All that Mr Justice Colton had to decide regarding the amalgamation of Portora and the Collegiate was whether John O’Dowd had lost the run of himself. Legally speaking, it was none of his business whether the education minister had in fact made the right call, yet it is still obvious from the judgment that he did. 
The cold, hard reality for the Collegiate is that amalgamation was a fait accompli a long time ago. The seed was sown by the publication of Sir George Bain’s report “Schools for the Future” back in 2006, setting the bar at a minimum 600 pupils. The Department of Education refused Portora’s request for a new school build on that basis and met with the Collegiate in April 2007 to begin discussions about amalgamation. In 2009 the Sustainable Schools Policy effectively signed the death warrant of both schools as separate entities, imposing a duty upon their respective boards to deliver minimum levels of curriculum provision. Both Portora and the Collegiate fell short of the requirements at Key Stage Four.
The Collegiate leadership quite legitimately feel they know what’s best for selected girls in Fermanagh, but the government’s remit is wider than that and, if ever, the time to obtain a judicial review was seven years ago. Mr O’Dowd’s decision followed the established policy and Mr Justice Colton had solid grounds to leave it be. 
The 59-page written judgment, however, is a lot more revealing than that. With the exception that the judge thought more enquiry could have been made into the logistics of the temporary split site arrangement, he dismissed the Collegiate’s arguments emphatically. In the Collegiate’s defence, perhaps it was the confined legal territory in which they had to frame their submissions that contributed to the overall case against amalgamation seeming weak and conflicted.
They pointed to the delay in the Devenish school build when that was largely caused by a finance policy that has since been scrapped. They explained at length that Devenish enrolment was perilously low because parents chose to send their children to schools outside Fermanagh, when the most obvious factor in that phenomenon was the earlier-lamented lack of new build. They argued that reducing grammar places would not increase numbers at Devenish in any case, but unsurprisingly failed to convince the judge that enrolment levels either side of a selective see-saw went up and down entirely of their own volition.
They posited that a new school might never be built when the project was already in train and, as the judge said, a failure to come up with the money would be “contrary to all policy decisions made to date”, “nothing short of a scandal” and “a serious breach of faith”. They warned about traffic chaos in the meantime, when it did not necessarily follow that large numbers of pupils would be moving between schools on a daily basis. They decried a potential funding deficit that would only be relevant if existing pupils had to leave, which they don’t.

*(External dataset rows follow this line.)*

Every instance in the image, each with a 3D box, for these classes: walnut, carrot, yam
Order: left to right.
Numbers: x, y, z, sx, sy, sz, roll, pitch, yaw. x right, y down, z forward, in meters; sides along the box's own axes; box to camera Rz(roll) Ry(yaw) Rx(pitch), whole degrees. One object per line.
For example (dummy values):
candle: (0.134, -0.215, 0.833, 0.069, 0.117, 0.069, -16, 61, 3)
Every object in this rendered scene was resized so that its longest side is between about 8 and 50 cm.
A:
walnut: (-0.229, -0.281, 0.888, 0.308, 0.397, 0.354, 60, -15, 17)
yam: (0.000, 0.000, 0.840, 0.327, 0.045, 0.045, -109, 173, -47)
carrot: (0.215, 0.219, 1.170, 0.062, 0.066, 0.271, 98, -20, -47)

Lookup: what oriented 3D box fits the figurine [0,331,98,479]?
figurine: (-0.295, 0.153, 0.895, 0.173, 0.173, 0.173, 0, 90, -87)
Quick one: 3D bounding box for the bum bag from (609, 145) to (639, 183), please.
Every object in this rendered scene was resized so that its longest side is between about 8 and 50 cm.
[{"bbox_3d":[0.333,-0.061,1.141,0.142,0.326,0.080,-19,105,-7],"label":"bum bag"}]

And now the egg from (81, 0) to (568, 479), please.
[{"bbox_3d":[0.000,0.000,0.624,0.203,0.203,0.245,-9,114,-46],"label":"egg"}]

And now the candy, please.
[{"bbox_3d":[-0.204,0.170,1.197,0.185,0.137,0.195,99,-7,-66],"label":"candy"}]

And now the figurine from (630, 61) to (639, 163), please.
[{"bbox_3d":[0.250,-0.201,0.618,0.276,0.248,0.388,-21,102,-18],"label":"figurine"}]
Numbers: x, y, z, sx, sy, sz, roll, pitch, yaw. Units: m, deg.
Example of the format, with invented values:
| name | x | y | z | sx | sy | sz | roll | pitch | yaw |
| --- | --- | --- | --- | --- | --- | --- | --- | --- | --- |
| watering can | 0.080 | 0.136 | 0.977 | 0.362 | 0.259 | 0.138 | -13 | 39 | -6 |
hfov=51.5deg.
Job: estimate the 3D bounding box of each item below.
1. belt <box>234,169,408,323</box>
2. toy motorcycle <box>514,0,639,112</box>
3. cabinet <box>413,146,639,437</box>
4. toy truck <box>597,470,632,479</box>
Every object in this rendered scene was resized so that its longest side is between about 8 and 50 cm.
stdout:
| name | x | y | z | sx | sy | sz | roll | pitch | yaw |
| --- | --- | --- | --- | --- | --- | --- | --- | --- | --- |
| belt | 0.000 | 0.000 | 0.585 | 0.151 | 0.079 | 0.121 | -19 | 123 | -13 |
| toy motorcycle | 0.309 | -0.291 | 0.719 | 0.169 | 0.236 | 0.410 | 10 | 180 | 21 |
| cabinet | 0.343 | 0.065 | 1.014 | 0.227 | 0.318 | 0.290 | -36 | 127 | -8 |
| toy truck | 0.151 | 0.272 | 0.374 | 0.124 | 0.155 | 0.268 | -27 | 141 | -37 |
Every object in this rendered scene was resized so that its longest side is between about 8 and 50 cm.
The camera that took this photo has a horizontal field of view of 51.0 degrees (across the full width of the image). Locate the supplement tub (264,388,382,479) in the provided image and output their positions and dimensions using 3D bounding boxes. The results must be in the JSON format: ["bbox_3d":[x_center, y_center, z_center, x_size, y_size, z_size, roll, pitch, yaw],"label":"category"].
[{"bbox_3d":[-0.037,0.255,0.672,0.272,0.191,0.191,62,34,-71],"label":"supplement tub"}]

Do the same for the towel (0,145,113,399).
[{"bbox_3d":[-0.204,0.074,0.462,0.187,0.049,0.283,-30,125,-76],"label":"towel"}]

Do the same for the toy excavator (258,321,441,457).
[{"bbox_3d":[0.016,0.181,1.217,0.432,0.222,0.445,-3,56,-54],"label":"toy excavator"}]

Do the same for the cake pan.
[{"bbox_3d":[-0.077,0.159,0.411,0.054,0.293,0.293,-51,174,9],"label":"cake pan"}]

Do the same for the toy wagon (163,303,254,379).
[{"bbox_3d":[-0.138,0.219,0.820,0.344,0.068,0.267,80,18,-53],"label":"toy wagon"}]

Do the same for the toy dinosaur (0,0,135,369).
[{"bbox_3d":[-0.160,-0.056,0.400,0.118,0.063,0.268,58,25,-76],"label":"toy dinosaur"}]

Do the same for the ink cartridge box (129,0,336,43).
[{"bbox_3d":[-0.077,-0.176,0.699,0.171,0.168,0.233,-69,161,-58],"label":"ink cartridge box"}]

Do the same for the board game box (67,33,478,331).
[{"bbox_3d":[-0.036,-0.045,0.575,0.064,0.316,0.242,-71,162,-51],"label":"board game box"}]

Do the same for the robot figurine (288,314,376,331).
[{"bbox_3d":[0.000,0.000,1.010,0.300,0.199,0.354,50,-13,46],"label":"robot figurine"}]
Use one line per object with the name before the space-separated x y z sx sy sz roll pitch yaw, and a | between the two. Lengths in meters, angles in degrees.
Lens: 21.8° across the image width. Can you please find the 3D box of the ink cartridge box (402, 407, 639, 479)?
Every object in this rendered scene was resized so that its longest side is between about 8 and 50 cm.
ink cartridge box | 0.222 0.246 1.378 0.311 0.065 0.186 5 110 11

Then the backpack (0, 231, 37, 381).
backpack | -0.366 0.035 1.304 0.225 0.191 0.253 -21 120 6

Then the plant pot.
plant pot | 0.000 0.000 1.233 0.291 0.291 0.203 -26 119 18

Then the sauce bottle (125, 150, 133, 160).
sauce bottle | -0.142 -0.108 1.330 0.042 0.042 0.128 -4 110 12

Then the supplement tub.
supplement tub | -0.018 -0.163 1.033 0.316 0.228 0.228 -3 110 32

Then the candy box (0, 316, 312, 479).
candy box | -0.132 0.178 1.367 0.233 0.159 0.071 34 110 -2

They suggested that there would be less sharing of courses across the sectors through the Fermanagh Learning Community, a “somewhat disingenuous” point given that sharing was very limited in any case, that it was self-evident that a closed school could not collaborate with other schools and that the purpose of amalgamation, i.e. to achieve minimum levels of course provision, effectively cancelled out the need for the FLC.
However the judge reserved most of his criticism for the Collegiate’s mis-characterisation of the Fermanagh Protestant Board of Education, the de facto owner of Portora’s lands and buildings with a minority presence on its board of governors. “To use Mr Scoffield QC’s colourful phrase the FPBE has been presented as some sort of Protestant Taliban intent on exercising a sinister role over the proposed new school.” The judge found that in fact the FPBE has shown leadership and that it is motivated by the best interests of students in the Fermanagh area, holding the school assets exclusively for educational rather than religious benefit. Certainly Old Portorans of a vintage would agree that religion of any sort is a rather pale thread in the rich tapestry of school life there (especially when they recall their music teacher’s tendency to drift into Theme From Superman during assembly).  
The Collegiate’s final roll of the dice in this vein was their argument that the name “Royal” would deter Nationalist or Catholic children from the new school. This may technically be true in some quarters but it is fatally devalued by the reality that Portora currently attracts more than twice the number of Catholics than the Collegiate.
It seems to have been clear to Mr Justice Colton, and to most people viewing at arm’s length, that the fuel behind this dispute is not so much traffic concerns and learning communities and dry legislative frameworks. It is the “huge emotional impact on all those associated with the schools” including past pupils. It is the “strong loyalties which will be resistant to change”. In the case of the Collegiate, it is the perception that this amounts to a ‘takeover’ because Portora has the better site.
Whatever the challenges the next few years bring, the sincere hope of everyone involved must surely be that future generations of girls and boys flourish in those magnificent grounds with a state of the art new school perched atop the hill. Will those children regret the closed chapter of other people’s history? I doubt it.    
*A family member is involved in these issues but these views are my own.